Member of the New Mexico House of Representatives from the 40th district
- In office January 1, 1974 – January 1, 2019
- Succeeded by: Joseph L. Sanchez

Personal details
- Born: April 18, 1929 San Juan Pueblo, New Mexico, U.S.
- Died: October 23, 2020 (aged 91) Española, New Mexico, U.S.
- Party: Democratic

Military service
- Branch/service: United States Air Force

= Nick Salazar =

American politician (1929–2020)

Nick L. Salazar (April 18, 1929 – October 23, 2020) was an American politician who served as a Democratic member of the New Mexico House of Representatives, representing the 40th District from 1974 to 2019.

==Early life and education==
Born in San Juan Pueblo, New Mexico, Salazar attended the University of California, Santa Barbara. He served in the United States Air Force, attaining the rank of sergeant.

==Career==
Salazar served as a county commissioner from 1964 to 1968. From 1974 to 2019, he served as a member of the New Mexico House of Representatives for the 40th district. As House members are only paid per diem, Salazar worked as a mechanical technician at the Los Alamos National Laboratory.

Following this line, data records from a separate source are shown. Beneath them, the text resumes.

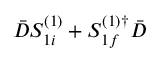Convert formula to latex. <formula><loc_0><loc_0><loc_500><loc_500>\bar { D } S _ { 1 i } ^ { ( 1 ) } + S _ { 1 f } ^ { ( 1 ) \dagger } \bar { D }</formula> 
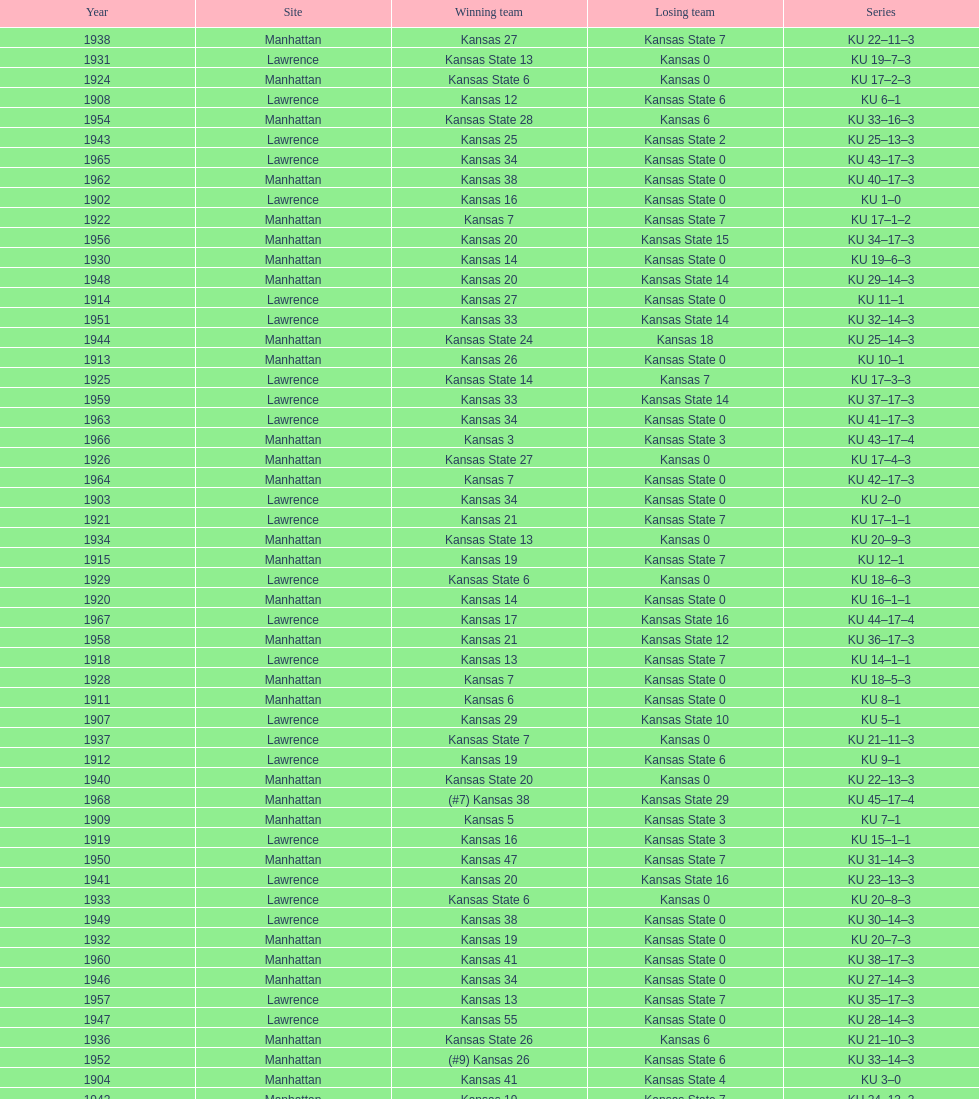Who had the most wins in the 1950's: kansas or kansas state? Kansas. Would you mind parsing the complete table? {'header': ['Year', 'Site', 'Winning team', 'Losing team', 'Series'], 'rows': [['1938', 'Manhattan', 'Kansas 27', 'Kansas State 7', 'KU 22–11–3'], ['1931', 'Lawrence', 'Kansas State 13', 'Kansas 0', 'KU 19–7–3'], ['1924', 'Manhattan', 'Kansas State 6', 'Kansas 0', 'KU 17–2–3'], ['1908', 'Lawrence', 'Kansas 12', 'Kansas State 6', 'KU 6–1'], ['1954', 'Manhattan', 'Kansas State 28', 'Kansas 6', 'KU 33–16–3'], ['1943', 'Lawrence', 'Kansas 25', 'Kansas State 2', 'KU 25–13–3'], ['1965', 'Lawrence', 'Kansas 34', 'Kansas State 0', 'KU 43–17–3'], ['1962', 'Manhattan', 'Kansas 38', 'Kansas State 0', 'KU 40–17–3'], ['1902', 'Lawrence', 'Kansas 16', 'Kansas State 0', 'KU 1–0'], ['1922', 'Manhattan', 'Kansas 7', 'Kansas State 7', 'KU 17–1–2'], ['1956', 'Manhattan', 'Kansas 20', 'Kansas State 15', 'KU 34–17–3'], ['1930', 'Manhattan', 'Kansas 14', 'Kansas State 0', 'KU 19–6–3'], ['1948', 'Manhattan', 'Kansas 20', 'Kansas State 14', 'KU 29–14–3'], ['1914', 'Lawrence', 'Kansas 27', 'Kansas State 0', 'KU 11–1'], ['1951', 'Lawrence', 'Kansas 33', 'Kansas State 14', 'KU 32–14–3'], ['1944', 'Manhattan', 'Kansas State 24', 'Kansas 18', 'KU 25–14–3'], ['1913', 'Manhattan', 'Kansas 26', 'Kansas State 0', 'KU 10–1'], ['1925', 'Lawrence', 'Kansas State 14', 'Kansas 7', 'KU 17–3–3'], ['1959', 'Lawrence', 'Kansas 33', 'Kansas State 14', 'KU 37–17–3'], ['1963', 'Lawrence', 'Kansas 34', 'Kansas State 0', 'KU 41–17–3'], ['1966', 'Manhattan', 'Kansas 3', 'Kansas State 3', 'KU 43–17–4'], ['1926', 'Manhattan', 'Kansas State 27', 'Kansas 0', 'KU 17–4–3'], ['1964', 'Manhattan', 'Kansas 7', 'Kansas State 0', 'KU 42–17–3'], ['1903', 'Lawrence', 'Kansas 34', 'Kansas State 0', 'KU 2–0'], ['1921', 'Lawrence', 'Kansas 21', 'Kansas State 7', 'KU 17–1–1'], ['1934', 'Manhattan', 'Kansas State 13', 'Kansas 0', 'KU 20–9–3'], ['1915', 'Manhattan', 'Kansas 19', 'Kansas State 7', 'KU 12–1'], ['1929', 'Lawrence', 'Kansas State 6', 'Kansas 0', 'KU 18–6–3'], ['1920', 'Manhattan', 'Kansas 14', 'Kansas State 0', 'KU 16–1–1'], ['1967', 'Lawrence', 'Kansas 17', 'Kansas State 16', 'KU 44–17–4'], ['1958', 'Manhattan', 'Kansas 21', 'Kansas State 12', 'KU 36–17–3'], ['1918', 'Lawrence', 'Kansas 13', 'Kansas State 7', 'KU 14–1–1'], ['1928', 'Manhattan', 'Kansas 7', 'Kansas State 0', 'KU 18–5–3'], ['1911', 'Manhattan', 'Kansas 6', 'Kansas State 0', 'KU 8–1'], ['1907', 'Lawrence', 'Kansas 29', 'Kansas State 10', 'KU 5–1'], ['1937', 'Lawrence', 'Kansas State 7', 'Kansas 0', 'KU 21–11–3'], ['1912', 'Lawrence', 'Kansas 19', 'Kansas State 6', 'KU 9–1'], ['1940', 'Manhattan', 'Kansas State 20', 'Kansas 0', 'KU 22–13–3'], ['1968', 'Manhattan', '(#7) Kansas 38', 'Kansas State 29', 'KU 45–17–4'], ['1909', 'Manhattan', 'Kansas 5', 'Kansas State 3', 'KU 7–1'], ['1919', 'Lawrence', 'Kansas 16', 'Kansas State 3', 'KU 15–1–1'], ['1950', 'Manhattan', 'Kansas 47', 'Kansas State 7', 'KU 31–14–3'], ['1941', 'Lawrence', 'Kansas 20', 'Kansas State 16', 'KU 23–13–3'], ['1933', 'Lawrence', 'Kansas State 6', 'Kansas 0', 'KU 20–8–3'], ['1949', 'Lawrence', 'Kansas 38', 'Kansas State 0', 'KU 30–14–3'], ['1932', 'Manhattan', 'Kansas 19', 'Kansas State 0', 'KU 20–7–3'], ['1960', 'Manhattan', 'Kansas 41', 'Kansas State 0', 'KU 38–17–3'], ['1946', 'Manhattan', 'Kansas 34', 'Kansas State 0', 'KU 27–14–3'], ['1957', 'Lawrence', 'Kansas 13', 'Kansas State 7', 'KU 35–17–3'], ['1947', 'Lawrence', 'Kansas 55', 'Kansas State 0', 'KU 28–14–3'], ['1936', 'Manhattan', 'Kansas State 26', 'Kansas 6', 'KU 21–10–3'], ['1952', 'Manhattan', '(#9) Kansas 26', 'Kansas State 6', 'KU 33–14–3'], ['1904', 'Manhattan', 'Kansas 41', 'Kansas State 4', 'KU 3–0'], ['1942', 'Manhattan', 'Kansas 19', 'Kansas State 7', 'KU 24–13–3'], ['1955', 'Lawrence', 'Kansas State 46', 'Kansas 0', 'KU 33–17–3'], ['1961', 'Lawrence', 'Kansas 34', 'Kansas State 0', 'KU 39–17–3'], ['1923', 'Lawrence', 'Kansas 0', 'Kansas State 0', 'KU 17–1–3'], ['1927', 'Lawrence', 'Kansas State 13', 'Kansas 2', 'KU 17–5–3'], ['1905', 'Lawrence', 'Kansas 28', 'Kansas State 0', 'KU 4–0'], ['1916', 'Lawrence', 'Kansas 0', 'Kansas State 0', 'KU 12–1–1'], ['1935', 'Lawrence', 'Kansas 9', 'Kansas State 2', 'KU 21–9–3'], ['1953', 'Lawrence', 'Kansas State 7', 'Kansas 0', 'KU 33–15–3'], ['1945', 'Lawrence', 'Kansas 27', 'Kansas State 0', 'KU 26–14–3'], ['1939', 'Lawrence', 'Kansas State 27', 'Kansas 6', 'KU 22–12–3'], ['1917', 'Manhattan', 'Kansas 9', 'Kansas State 0', 'KU 13–1–1'], ['1906', 'Manhattan', 'Kansas State 6', 'Kansas 4', 'KU 4–1']]} 
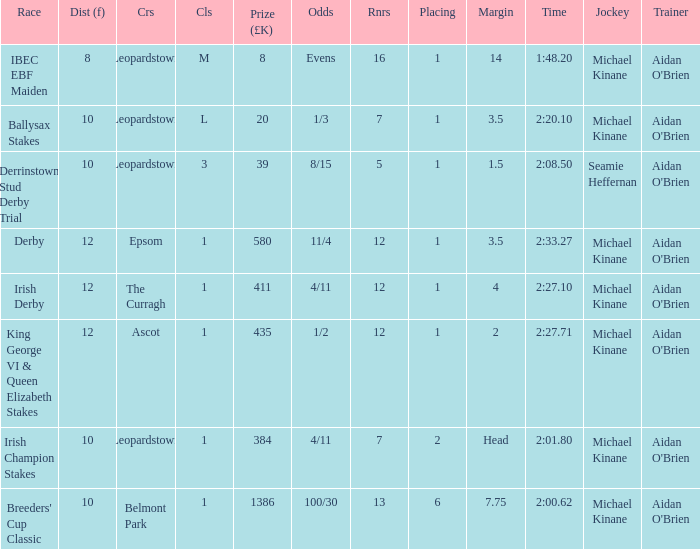Which Class has a Jockey of michael kinane on 2:27.71? 1.0. 
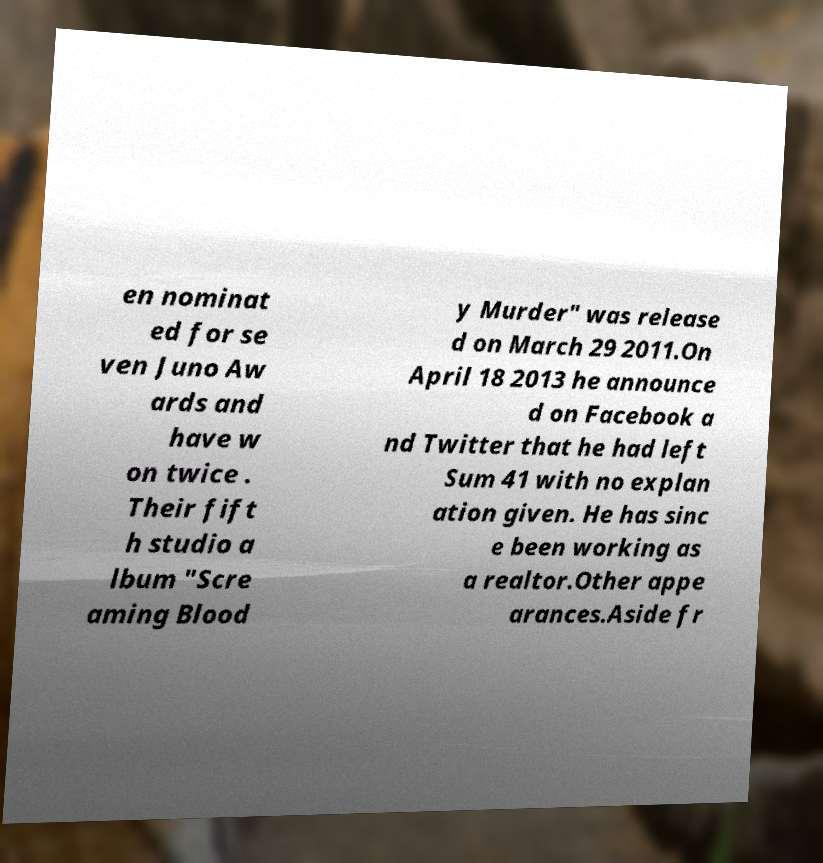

In 2013, Salazar was presented with a lifetime achievement award from Los Alamos National Security for his contributions to the organizations in research. Salazar is also one of the longest served state representatives in the history New Mexico.

==Personal life==
Salazar resided in Ohkay Owingeh, New Mexico. He and his wife had three children. He died in Española, New Mexico on October 23, 2020, at the age of 91.